Judge of the Appellate Division
- In office 1961–1967

Judge of the Cape Provincial Division of the Supreme Court
- In office 1967–1973
- In office 1955–1961

Personal details
- Born: Jacques Theodore van Wyk 15 June 1913 Vanrhynsdorp, Union of South Africa
- Died: 17 November 1975 (aged 62) Bellville, Western Cape, South Africa
- Alma mater: University of Cape Town
- Profession: Advocate

= Theo van Wyk =

South African judge

Jacques Theodore van Wyk KC (15 June 1913 – 17 November 1975) was a South African judge and Judge President of the Cape Provincial Division of the Supreme Court from 1973 until 1975.

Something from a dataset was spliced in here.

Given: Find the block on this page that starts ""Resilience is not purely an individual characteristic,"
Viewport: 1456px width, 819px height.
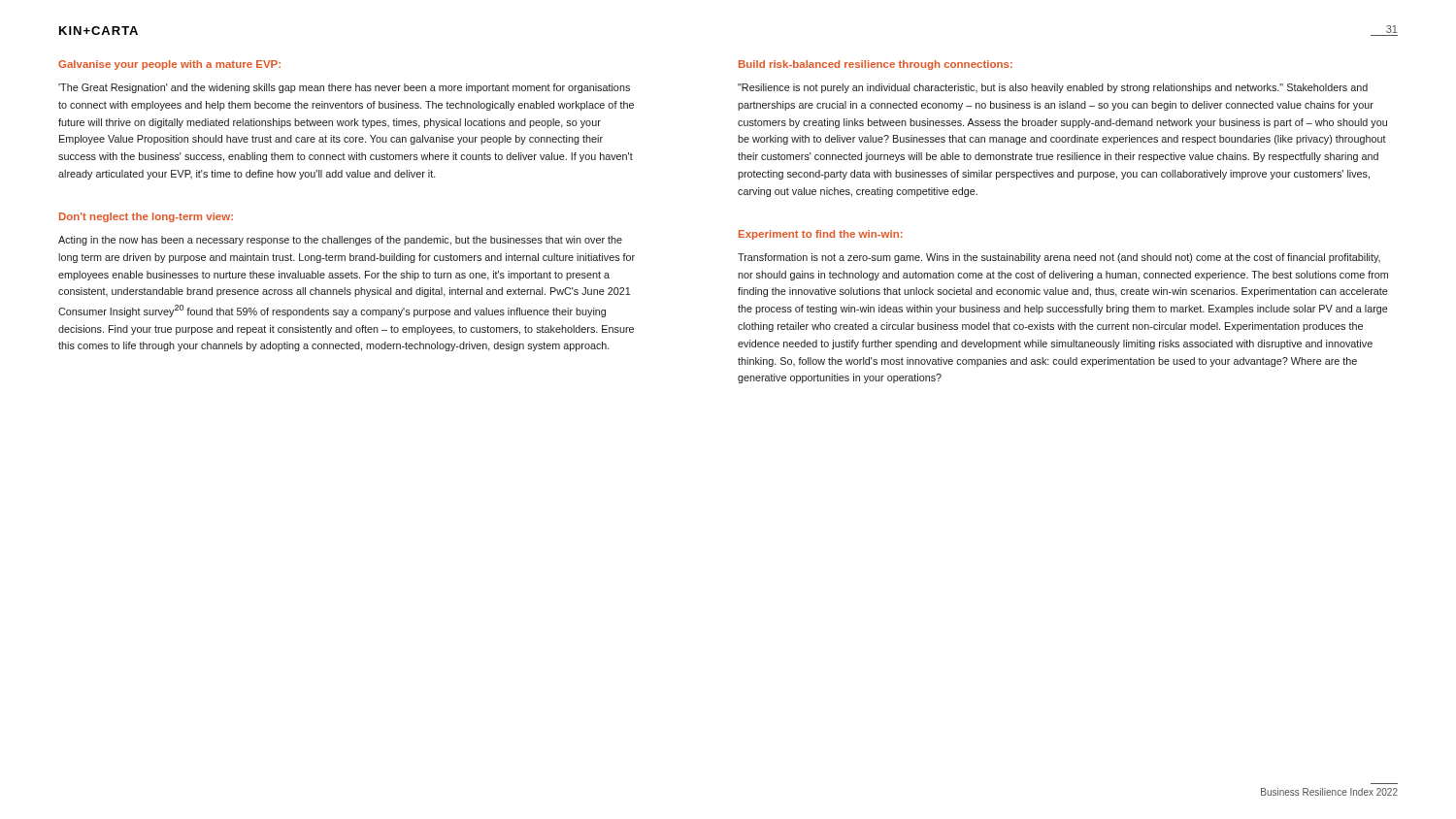Looking at the screenshot, I should tap(1063, 139).

== Early life and education ==
Van Wyk was born in Vanrhynsdorp in the Western Cape and after completing his schooling at Vanrhynsdorp, he went on to the University of Cape Town. He obtained the degrees of B.A. in 1934 and LL.B. in 1935. As a student he was involved with NUSAS and during the last two years of his studies, was a member of the student parliament.

==Career==
In 1936, van Wyk was appointed registrar to Justice H. S. van Zyl and the following year was admitted to the Cape Bar. In 1949, at the age of thirty-six, he became the youngest KC in the Union of South Africa. In 1955, van Wyk was appointed a judge in the Cape Provincial Division of the Supreme Court and in 1961, he was promoted to Judge of Appeal. Van Wyk, however resigned as Judge of Appeal in 1967 and rejoined the Cape Division of the Supreme Court. In 1973 he was appointed Judge President of the Cape, a post he had held until his death in 1975.

==Notable cases and awards==
Van Wyk acted for the state in the constitutional crisis arising from the removal of the Coloureds from the common voters' roll during the fifties. Between 1962 and 1966 he was an ad hoc judge at the hearings of the International Court of Justice in The Hague on the South-West Africa issue.

In 1968 the University of Cape Town awarded him the LL.D. degree (honoris causa) for his services.